This was not the review made by a young hot-head but by one of the oldest and most moderate leaders of the Congress. Consequently, the response made by the country to the Congress appeal in 1932 and 1933, in spite of lack of preparation, in spite of the sudden arrest of the organisers and financiers of the Party early in January 1932, and in spite of the diversion caused by the Mahatma's East in September 1932 and the anti-untouchability campaign thereafter — can by no means be regarded as unsatisfactory. Nevertheless, the country was startled one fine morning in May to hear that the Mahatma had suspended the civil-disobedience campaign.

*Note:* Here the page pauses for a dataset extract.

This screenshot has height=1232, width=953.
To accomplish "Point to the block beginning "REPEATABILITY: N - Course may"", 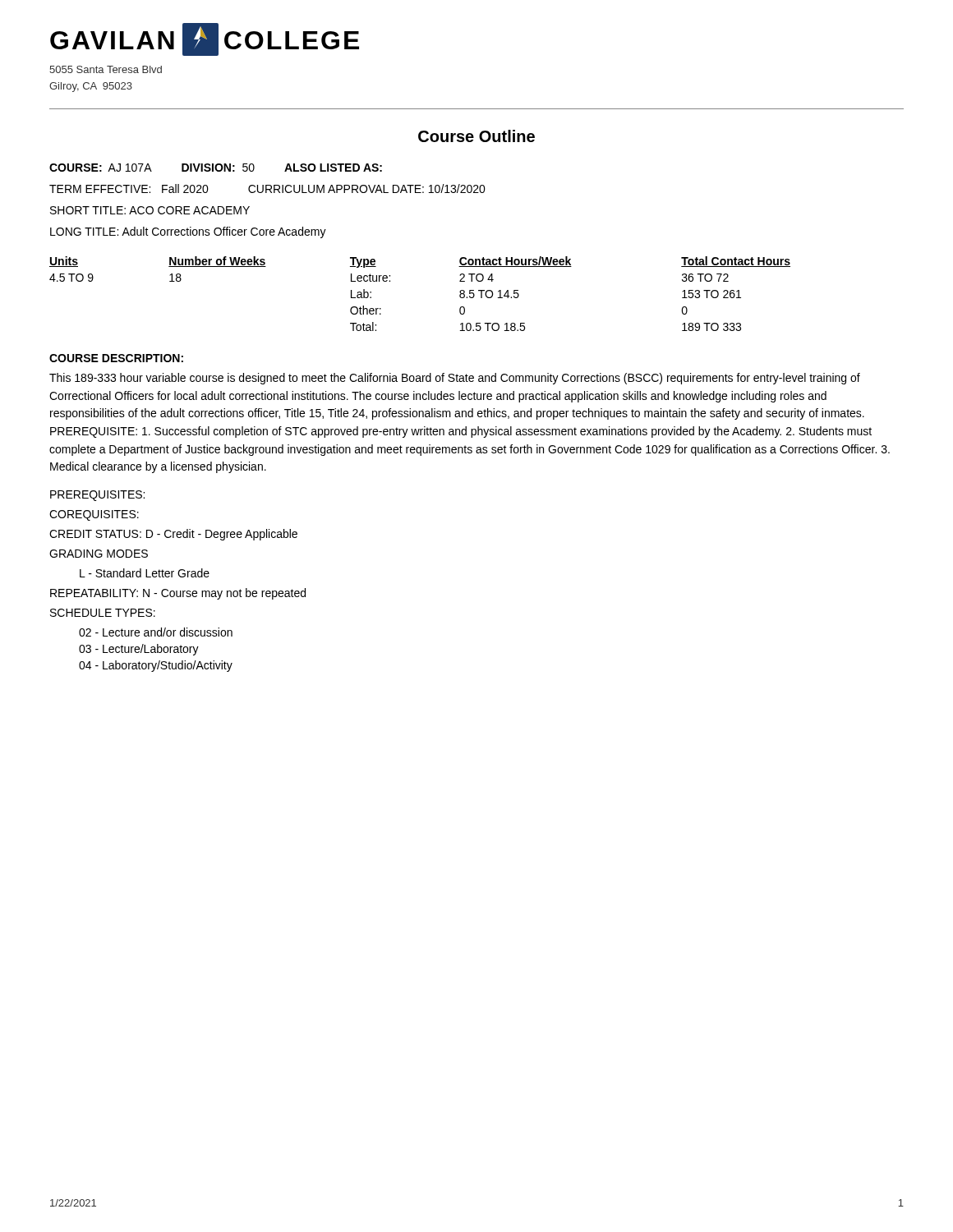I will (178, 593).
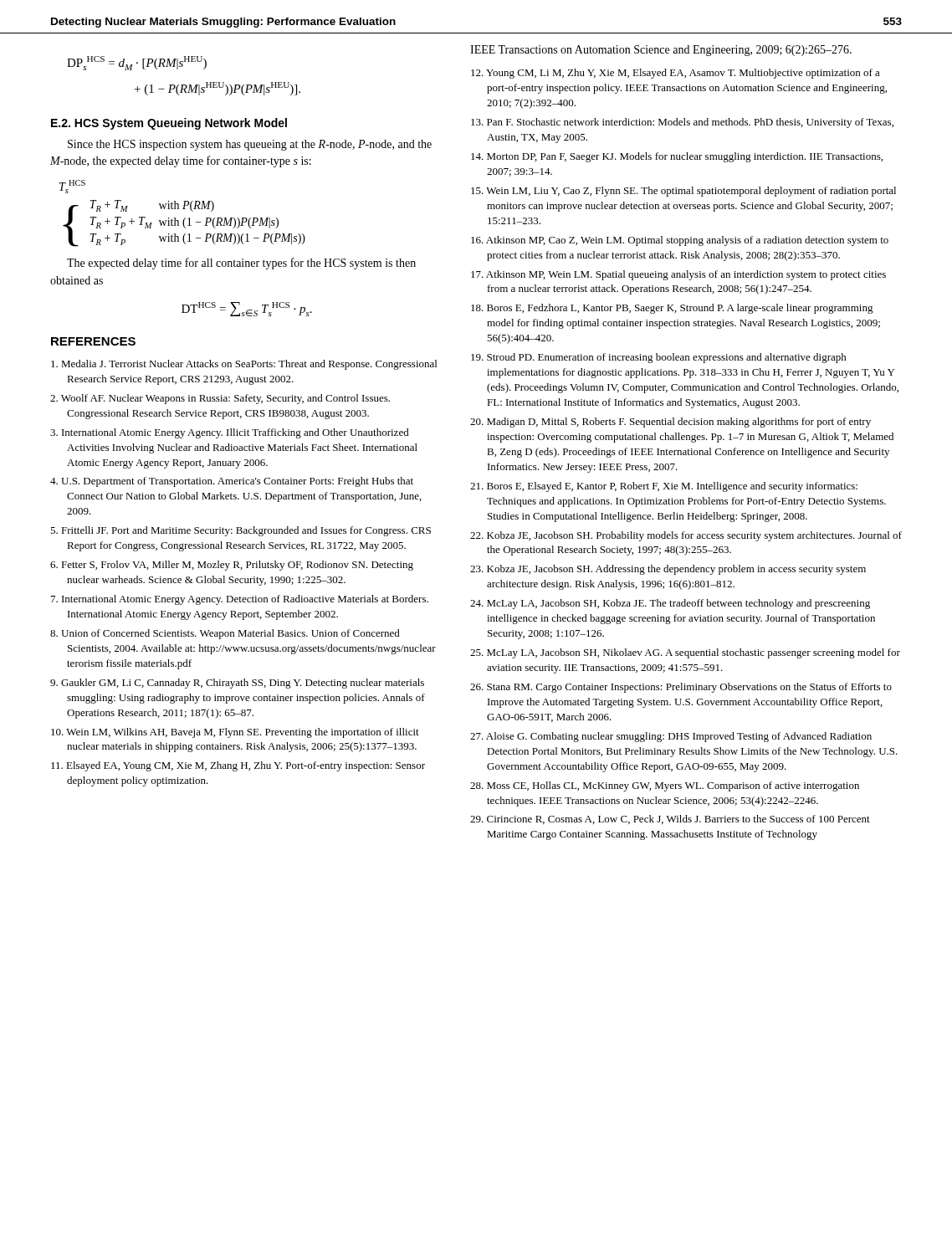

While in prison the Mahatma had decided to go on a three weeks' fast (1) as a penance, because his followers outside had not made sufficient progress with the anti-untouchability campaign. The object of the fast was to bring about a change of heart — not in the bureaucracy but in his countrymen — who were responsible for the sad plight of the untouchables. The Government had no objection to a fast of that kind and as a matter of fact, thanks to British news-agencies, the fast was given wide publicity in the European Press, (2) because it helped to advertise the internal differences of the Indian people. However, the Government considered it pru­dent to set him free. The day after his release he made the announcement referred to above. (3) At first the civil disobedience campaign was suspended for six weeks, but the suspension was subsequently extended for six weeks more, i.e., till the end of July. The sudden suspension of the campaign without rhyme or reason, would under ordinary circumstances have produced a widespread revolt in the Congress organisation, but since he was in the middle of a fast which could end fatally, all judgment was suspended for the time being. While suspending the civil-disobedience campaign, the Mahatma made an appeal to the Government of India to withdraw the Ordinances and release the civil-disobedience prisoners. But, unfortunately, a settled Government preserves a continuity of policy and cannot alter its policy overnight as an individual can. The Government's reply was therefore a refusal. While responsible Congressmen in India were unwilling or afraid to speak out against the Mahatma after his surrender of May 1933, a manifesto was issued by the late Mr. Vithalbhai J. Patel (4) and the writer from Vienna, condemning the Mahatma's decision. The manifesto stated that the decision virtually undid the work and the sacrifice of the last thirteen years. It signified a failure of the civil-disobedience campaign, as also of Mahatma Gandhi's leadership. It was, therefore, time to turn to a more radical policy and leadership. Owing to the preoccupation of the public over Mahatma Gandhi's health, the manifesto did not, however, produce the effect which it would otherwise have. Even friends thought that it was an outrageous act to criticise the Mahatma when his life was in jeopardy because of the fast.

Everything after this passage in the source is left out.